McKie considered what the High Magister had revealed. The picture of Dosadi was that of a seething mass. Warlords . . . He visualized walls, some people living and working in comparative richness of space while others . . . Gods! It was madness in a universe where some highly habitable planets held no more than a few thousand people. His voice brittle, McKie addressed himself to the High Magister.
"These basic elements, the benefits you sought . . . I wish to hear about them."
Aritch hitched himself forward.
"We have discovered new ways of association, new devices of motivation, unsuspected drives which can impose themselves upon an entire population."
"I require specific and explicit enumeration of these discoveries."
"Presently, Legum . . . presently."
Why did Aritch delay? Were the so-called benefits insignificant beside the repulsive horror of such an experiment? McKie ventured another tack.
"You say this planet is poisonous. Why not remove the inhabitants a few at a time, subject them to memory erasure if you must, and feed them out into the ConSentiency as new . . ."
"We dare not! First, the inhabitants have developed an immunity to erasure, a by-product of those poisons which do get into their diet. Second, given what they have become on Dosadi . . . How can I explain this to you?"
"Why don't the people just leave Dosadi? I presume you deny them jumpdoors, but rockets and other mechanical . . ."

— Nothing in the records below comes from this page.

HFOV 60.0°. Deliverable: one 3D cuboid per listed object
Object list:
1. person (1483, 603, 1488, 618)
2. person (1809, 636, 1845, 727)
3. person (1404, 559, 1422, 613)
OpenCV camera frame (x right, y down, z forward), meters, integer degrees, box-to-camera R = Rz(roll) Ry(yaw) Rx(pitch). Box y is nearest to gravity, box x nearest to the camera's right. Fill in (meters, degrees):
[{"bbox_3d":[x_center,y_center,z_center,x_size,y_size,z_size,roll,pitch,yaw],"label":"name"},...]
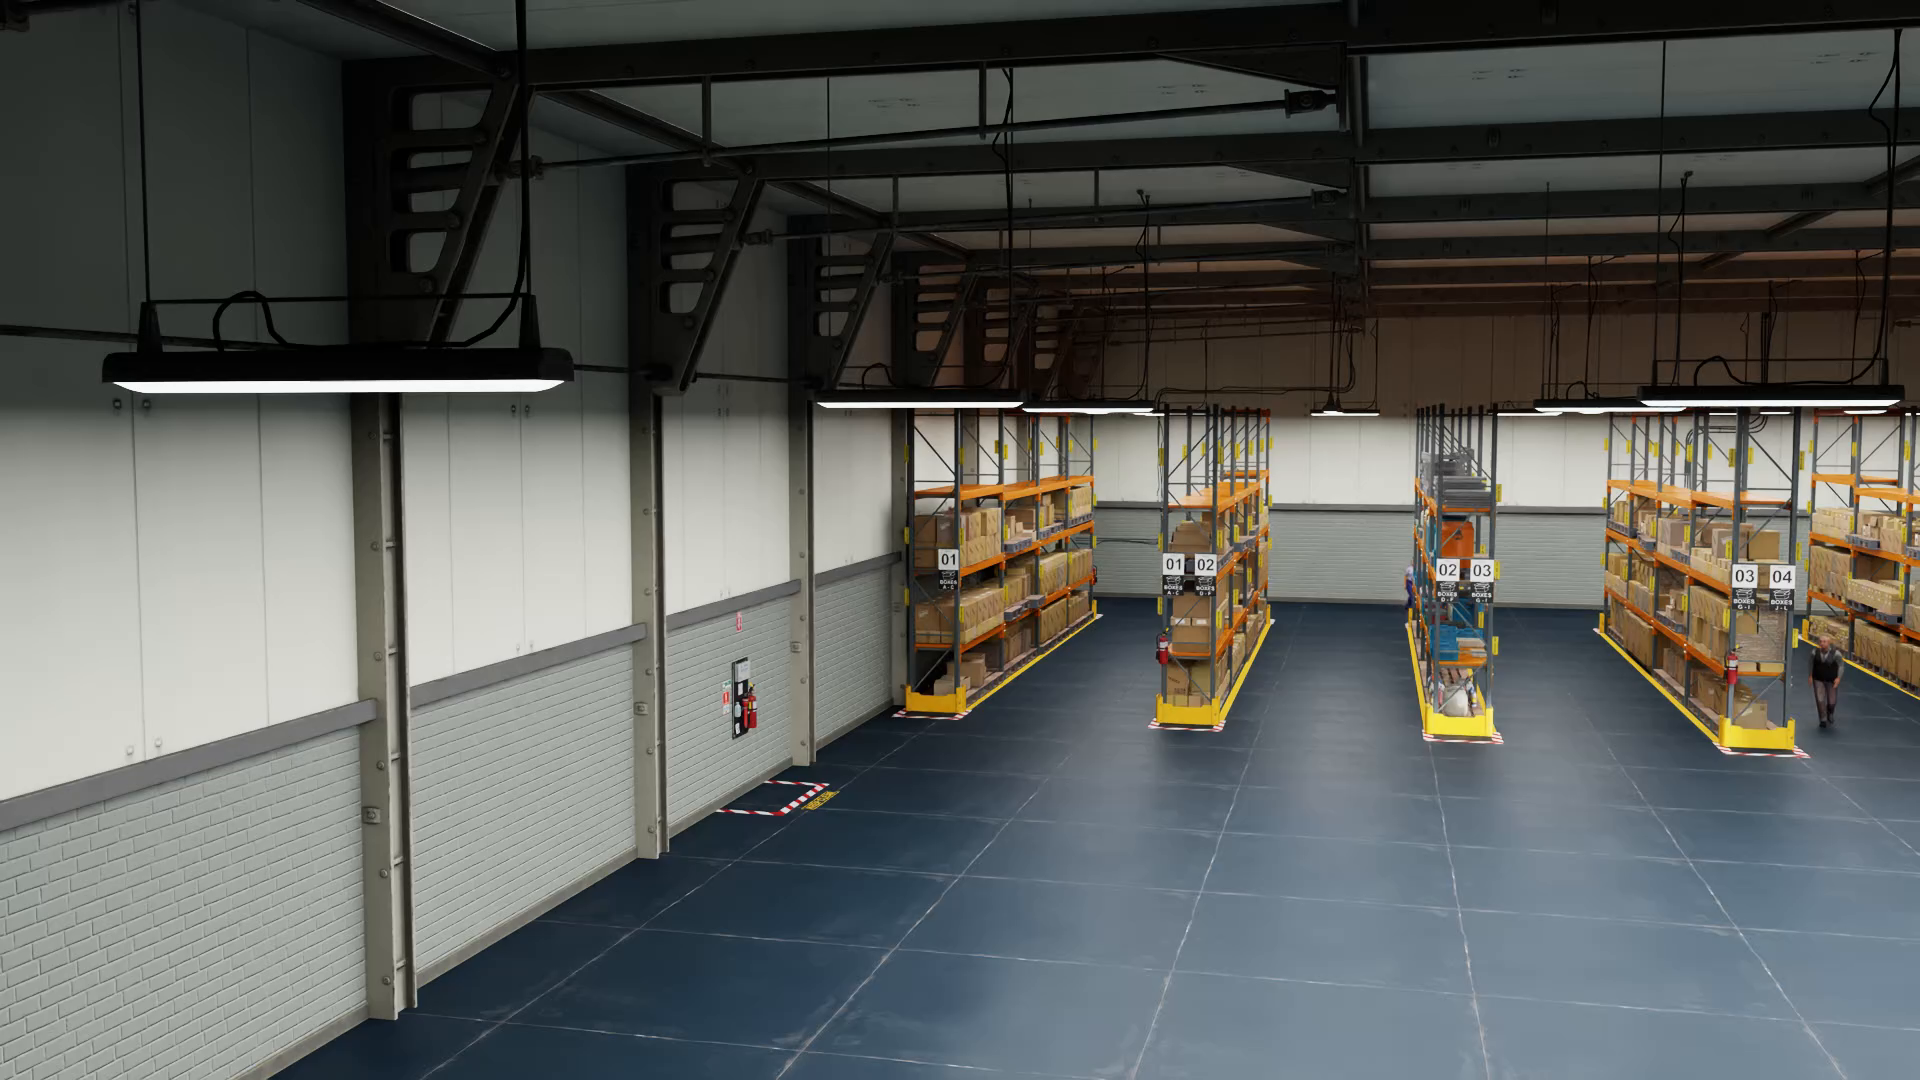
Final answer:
[{"bbox_3d":[13.511,1.794,43.170,0.392,1.536,1.009,0,4,5],"label":"person"},{"bbox_3d":[16.164,2.622,31.013,0.580,1.703,0.629,2,5,29],"label":"person"},{"bbox_3d":[13.395,1.348,49.044,0.470,1.631,0.933,-1,4,-19],"label":"person"}]

"We will not permit them to leave. Our Caleban encloses Dosadi in what she calls a 'tempokinetic barrier' which our test subjects cannot penetrate."
"Why?"
"We will destroy the entire planet and everything on it rather than loose this population upon the ConSentiency."

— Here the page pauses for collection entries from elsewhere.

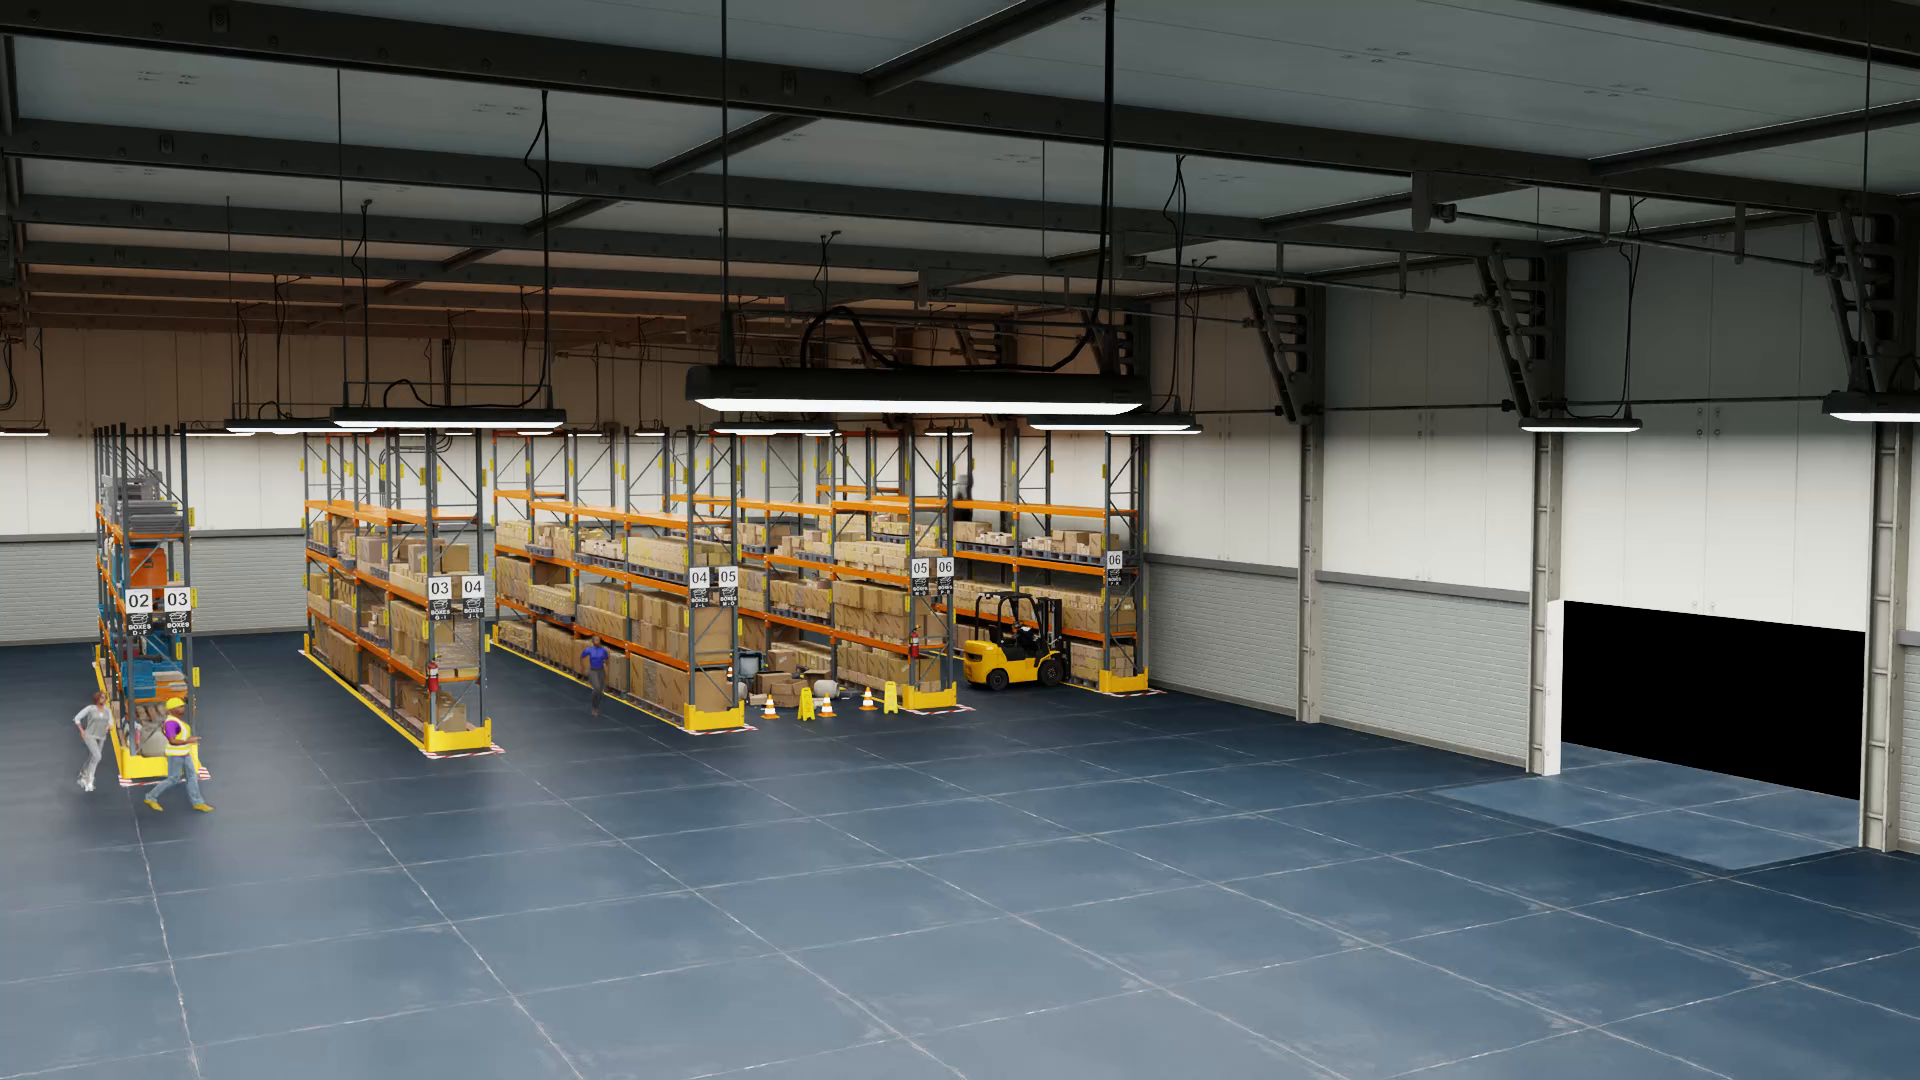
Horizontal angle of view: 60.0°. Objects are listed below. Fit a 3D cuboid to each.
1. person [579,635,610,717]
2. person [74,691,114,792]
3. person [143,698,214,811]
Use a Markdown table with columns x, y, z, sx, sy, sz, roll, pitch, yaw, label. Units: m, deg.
| x | y | z | sx | sy | sz | roll | pitch | yaw | label |
| --- | --- | --- | --- | --- | --- | --- | --- | --- | --- |
| -7.536 | 2.821 | 34.466 | 0.543 | 1.693 | 0.725 | -3 | 4 | -40 | person |
| -14.185 | 3.291 | 27.282 | 0.640 | 1.611 | 0.553 | 2 | 4 | 28 | person |
| -11.899 | 3.282 | 25.284 | 0.970 | 1.776 | 0.692 | -1 | 4 | -10 | person |

"What are the people of Dosadi that you'd even contemplate such a thing?"
Aritch shuddered.
"We have created a monster."
***
Every government is run by liars and nothing they say should be believed.
- Attributed to an ancient Human journalistAs she hurried across the roof of the adjoining parking spire at midafternoon of her final day as a Liaitor, Jedrik couldn't clear her mind of the awareness that she was about to shed another mark of rank. Stacked in the building beneath her, each one suspended by its roof grapples on the conveyor track, were the vehicles of the power merchants and their minions. The machines varied from the giant jaigers heavy with armor and weapons and redundant engine systems, of the ruling few, down to the tiny black skitters assigned to such as herself. Ex-minion Jedrik knew she was about to take a final ride in the machine which had released her from the morning and evening crush on the underground walkways.
She had timed her departure with care. The ones who rode in the jaigers would not have reassigned her skitter and its driver. That driver, Havvy, required her special attentions in this last ride, this narrow time slot which she had set aside for dealing with him.
Jedrik sensed events rushing at their own terrible pace now. Just that morning she had loosed death against fifty Humans. Now, the avalanche gathered power.
The parking spire's roof pavement had been poorly repaired after the recent explosive destruction of three Rim guerrillas. Her feet adjusted to the rough paving as she hurried across the open area to the drop chute. At the chute, she paused and glanced westward through Chu's enclosing cliffs. The sun, already nearing its late afternoon line on the cliffs, was a golden glow beyond the God Wall's milky barrier. To her newly sensitized fears, that was not a sun but a malignant eye which peered down at her.